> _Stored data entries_

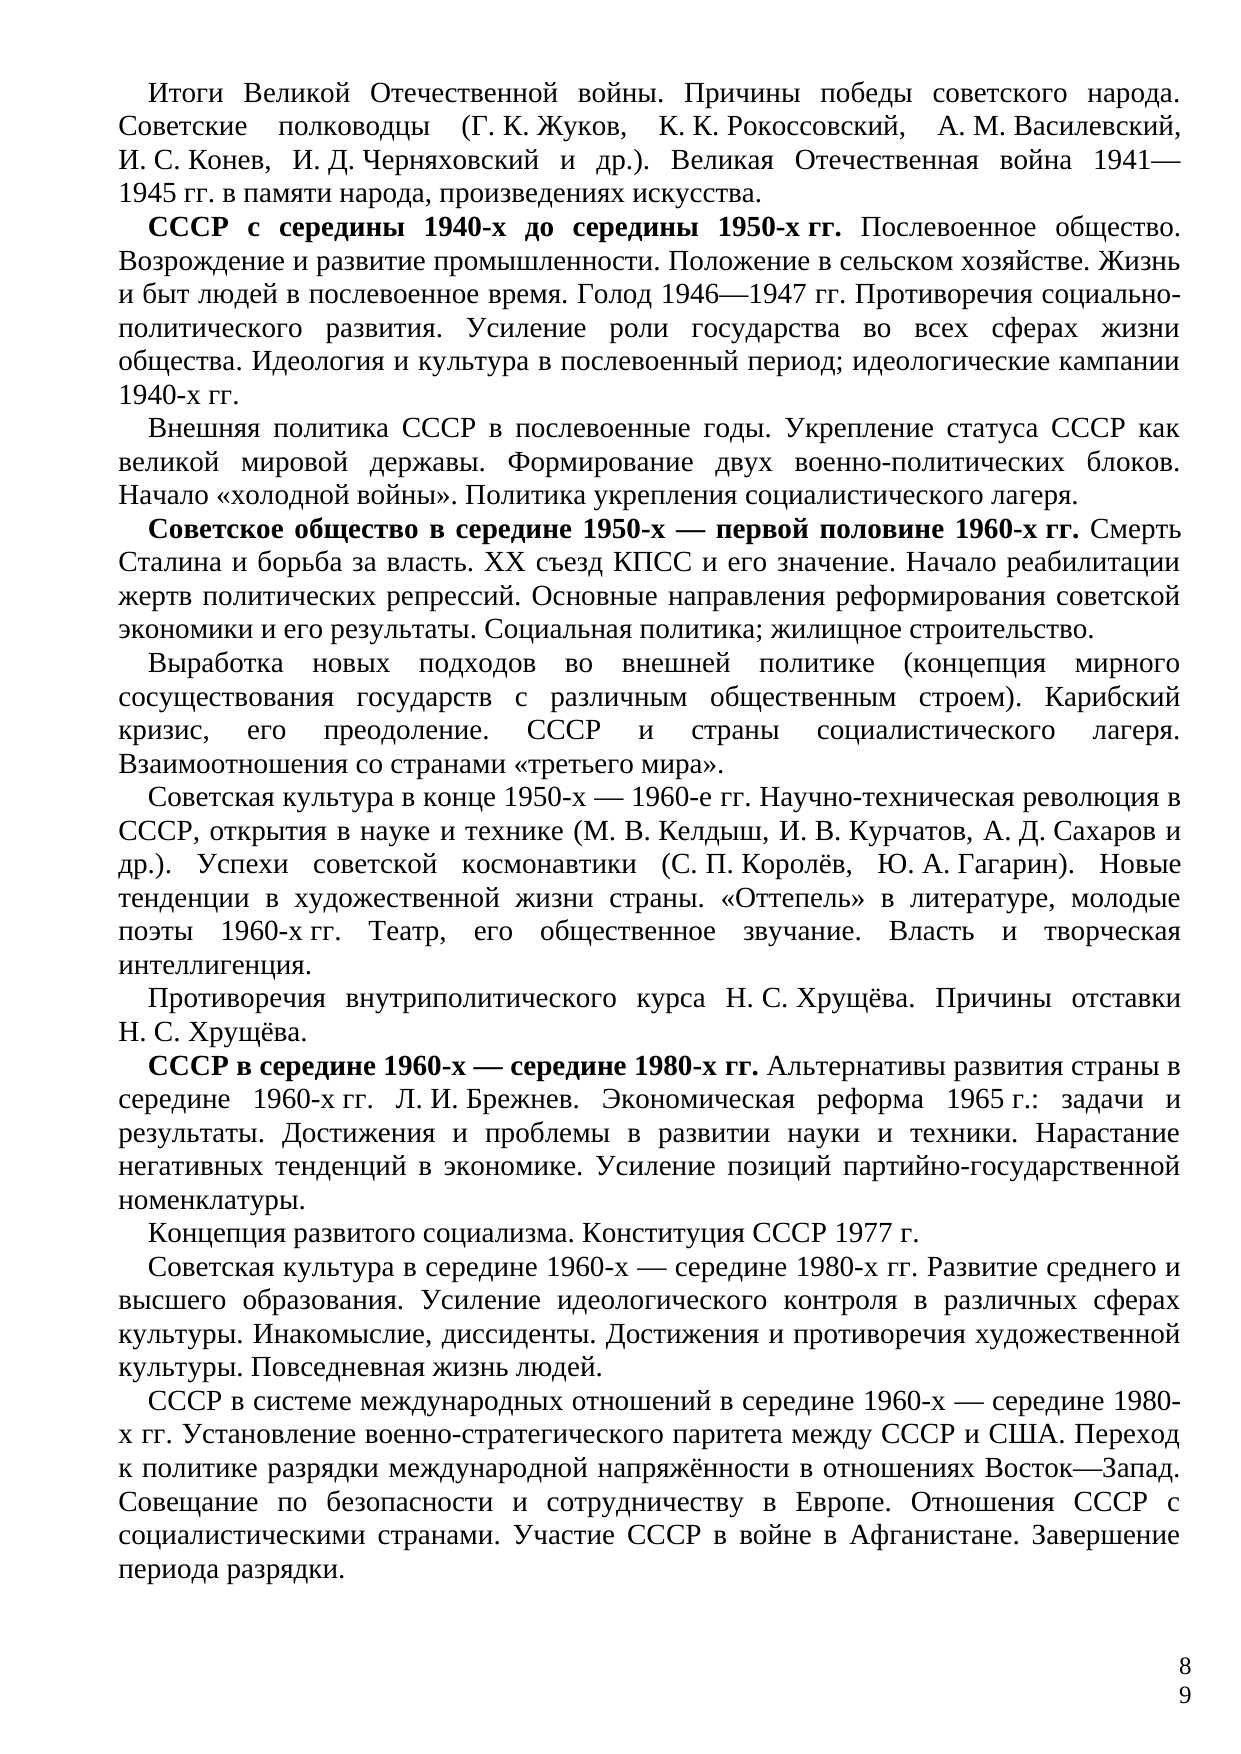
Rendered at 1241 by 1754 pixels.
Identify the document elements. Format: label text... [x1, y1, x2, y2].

text Выработка новых подходов во внешней политике (концепция мирного сосуществования государств с различным общественным строем). Карибский кризис, его преодоление. СССР и страны социалистического лагеря. Взаимоотношения со странами «третьего мира». [118, 645, 1181, 779]
text СССР в середине 1960-х — середине 1980-х гг. Альтернативы развития страны в середине 1960-х гг. Л. И. Брежнев. Экономическая реформа 1965 г.: задачи и результаты. Достижения и проблемы в развитии науки и техники. Нарастание негативных тенденций в экономике. Усиление позиций партийно-государственной номенклатуры. [118, 1048, 1181, 1215]
text Советское общество в середине 1950-х — первой половине 1960-х гг. Смерть Сталина и борьба за власть. XX съезд КПСС и его значение. Начало реабилитации жертв политических репрессий. Основные направления реформирования советской экономики и его результаты. Социальная политика; жилищное строительство. [118, 511, 1181, 645]
text СССР с середины 1940-х до середины 1950-х гг. Послевоенное общество. Возрождение и развитие промышленности. Положение в сельском хозяйстве. Жизнь и быт людей в послевоенное время. Голод 1946—1947 гг. Противоречия социально-политического развития. Усиление роли государства во всех сферах жизни общества. Идеология и культура в послевоенный период; идеологические кампании 1940-х гг. [118, 209, 1181, 410]
text Внешняя политика СССР в послевоенные годы. Укрепление статуса СССР как великой мировой державы. Формирование двух военно-политических блоков. Начало «холодной войны». Политика укрепления социалистического лагеря. [118, 410, 1181, 511]
text Советская культура в середине 1960-х — середине 1980-х гг. Развитие среднего и высшего образования. Усиление идеологического контроля в различных сферах культуры. Инакомыслие, диссиденты. Достижения и противоречия художественной культуры. Повседневная жизнь людей. [118, 1249, 1181, 1383]
text Итоги Великой Отечественной войны. Причины победы советского народа. Советские полководцы (Г. К. Жуков, К. К. Рокоссовский, А. М. Василевский, И. С. Конев, И. Д. Черняховский и др.). Великая Отечественная война 1941—1945 гг. в памяти народа, произведениях искусства. [118, 75, 1181, 209]
text Противоречия внутриполитического курса Н. С. Хрущёва. Причины отставки Н. С. Хрущёва. [118, 981, 1181, 1048]
text Концепция развитого социализма. Конституция СССР 1977 г. [118, 1215, 1181, 1249]
text СССР в системе международных отношений в середине 1960-х — середине 1980-х гг. Установление военно-стратегического паритета между СССР и США. Переход к политике разрядки международной напряжённости в отношениях Восток—Запад. Совещание по безопасности и сотрудничеству в Европе. Отношения СССР с социалистическими странами. Участие СССР в войне в Афганистане. Завершение периода разрядки. [118, 1383, 1181, 1584]
text Советская культура в конце 1950-х — 1960-е гг. Научно-техническая революция в СССР, открытия в науке и технике (М. В. Келдыш, И. В. Курчатов, А. Д. Сахаров и др.). Успехи советской космонавтики (С. П. Королёв, Ю. А. Гагарин). Новые тенденции в художественной жизни страны. «Оттепель» в литературе, молодые поэты 1960-х гг. Театр, его общественное звучание. Власть и творческая интеллигенция. [118, 779, 1181, 981]

> _EXERCISE AIM_
Where the string "Причины" appears in a line of the entries, count that line, and state the total alone.

> _SOLUTION BELOW_
2